The Bill envisages that the CMA should seek to resolve any concerns relating to the conduct of companies with SMS in a co-operative manner. That said, the Bill will give the CMA extensive powers of enforcement in relation to non-compliance including:
- the power to conduct investigations
- the power to accept commitments
- the power to impose fines of up to 10% of global turnover
How does the Bill compare with the EU’s Digital Markets Act?
The Bill was preceded by the EU Commission’s Digital Markets Act (DMA), which took effect on 2 May 2023. The DMA is aimed at making markets in the digital sector fairer and more contestable and is enforced by the European Commission. There are similarities with the Bill, but also several important differences.
The DMA is targeted at so called “gatekeepers,” which are large digital platforms providing core platform services (e.g., online search engines; app stores; messenger services). To be a gatekeeper, a company needs to meet the following requirements:
- it must have a significant impact on the internal EU market, by reference to certain turnover thresholds
- it must provide a core platform service which is an important gateway for business users to reach end users, by reference to the number of active end users and active business users
- it must enjoy (or be about to have) an “entrenched and durable position” in its operations (i.e., the company has met the two criteria above in the last three financial years)

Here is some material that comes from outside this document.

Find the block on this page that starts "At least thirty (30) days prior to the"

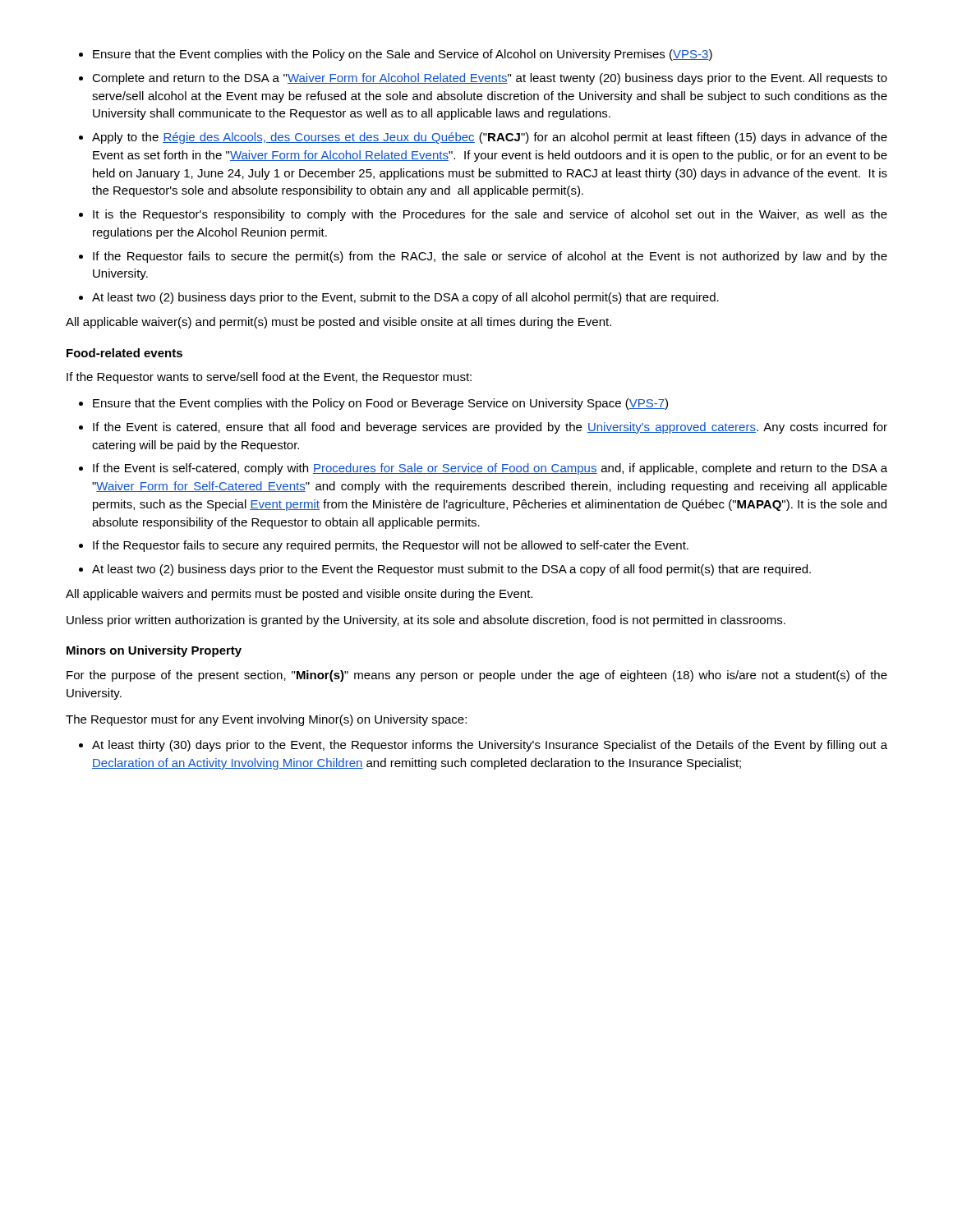490,754
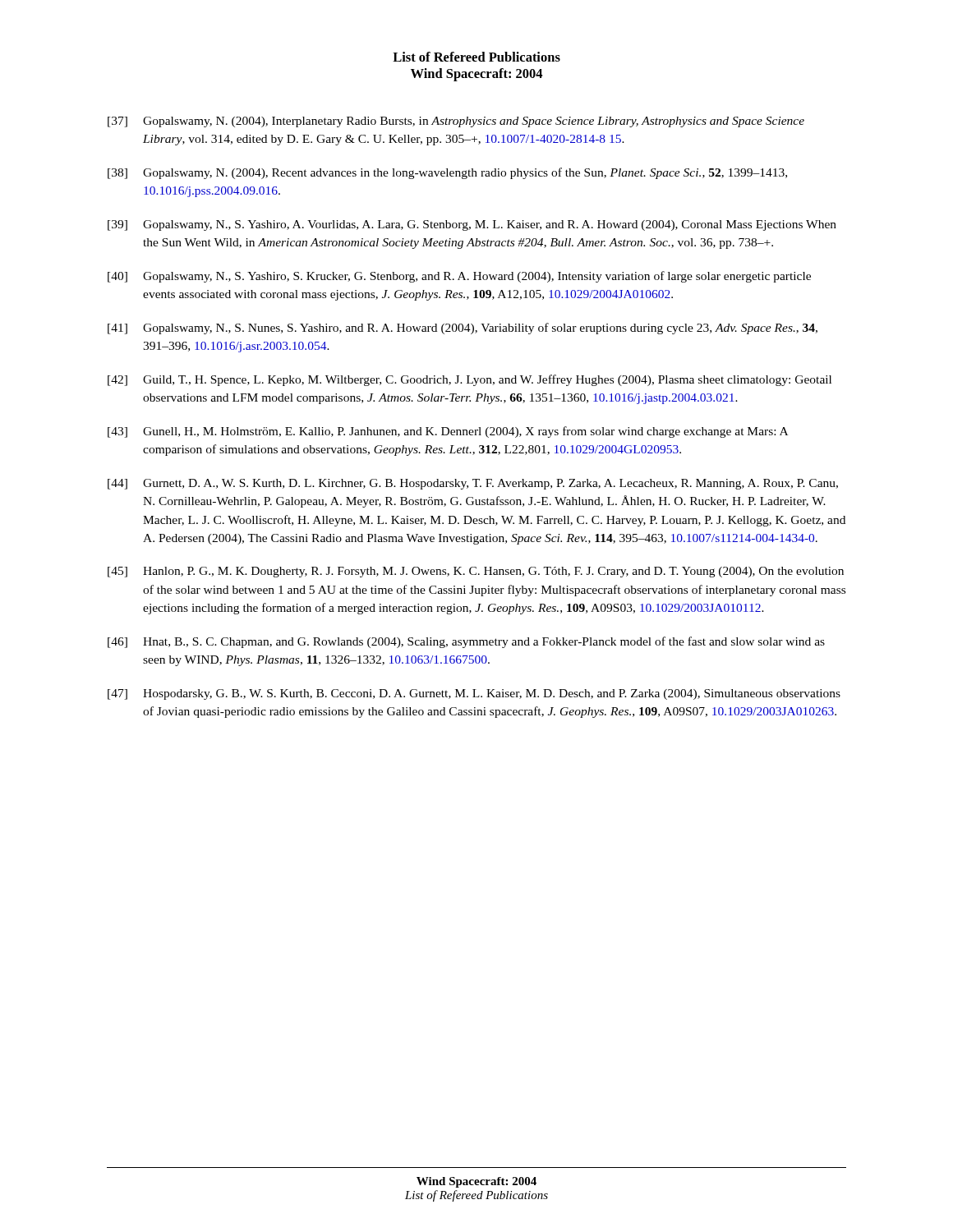Navigate to the text block starting "[39] Gopalswamy, N., S. Yashiro, A."
Viewport: 953px width, 1232px height.
coord(476,234)

The threshold of an “entrenched and durable position” in the market is different from the requirement in the Bill that a company needs to have substantial and entrenched “market power” to be designated as having SMS. In addition, if the European Commission designates a company as a gatekeeper, the company will have a maximum of six months to ensure compliance with the DMA. These comprise a list of “dos” (obligations) and “don’ts” (prohibitions) that are set out in the legislation. For example, gatekeepers will no longer be able to track users outside of the gatekeepers' core platform service for the purpose of targeted advertising if effective consent has not been granted. By contrast, the UK’s Bill does not contain a fixed list of “dos” or “don’ts” but allows the DMU to impose conduct requirements tailored to the relevant company.
Sarah Cardell, Chief Executive Officer of the CMA, stated that the Bill represents a “watershed moment” for the way in which the CMA ensures digital markets work for the UK economy, supporting economic growth, investment, and innovation. Similar to the DMA, the Bill creates a legal framework based on principles of proactive, ex ante (before the event) regulation of the most powerful digital firms with the aim of fostering innovation and effective competition in digital markets. Whilst it is likely that only a small group of companies will be designated as having SMS, at least at the outset, the legal framework of conduct requirements and PCIs will nonetheless be important for non-SMS businesses who have commercial relationships with companies who are designated as SMS.
The Bill also places the CMA squarely at the centre of regulation of the UK’s digital economy; the DMU will have a wide discretion when determining conduct requirements for companies designated as having SMS, backed up with extensive enforcement powers. To support the exercise of these powers, the DMU has expand since its inception and is reported to have at present a headcount of seventy, although it is understood that the DMU intends to grow further.
Looking at the wider context, the Bill has been introduced at a point in time in which the CMA has already demonstrated that it is willing to intervene and challenge large digital companies under its merger control powers. For example, on the same day as the Bill was introduced, the CMA announced that it had decided to prohibit Microsoft’s proposed acquisition of Activision Blizzard, a decision which provoked a particularly strong reaction from the parties. You can read more about this decision in our briefing here.
MPs will consider the Bill at a Second Reading, the date of which is yet to be announced. When approved by Parliament (which could be in late 2023, or early 2024), it is expected that the new measures will take effect as soon as possible, subject to secondary legislation and the publication of guidance.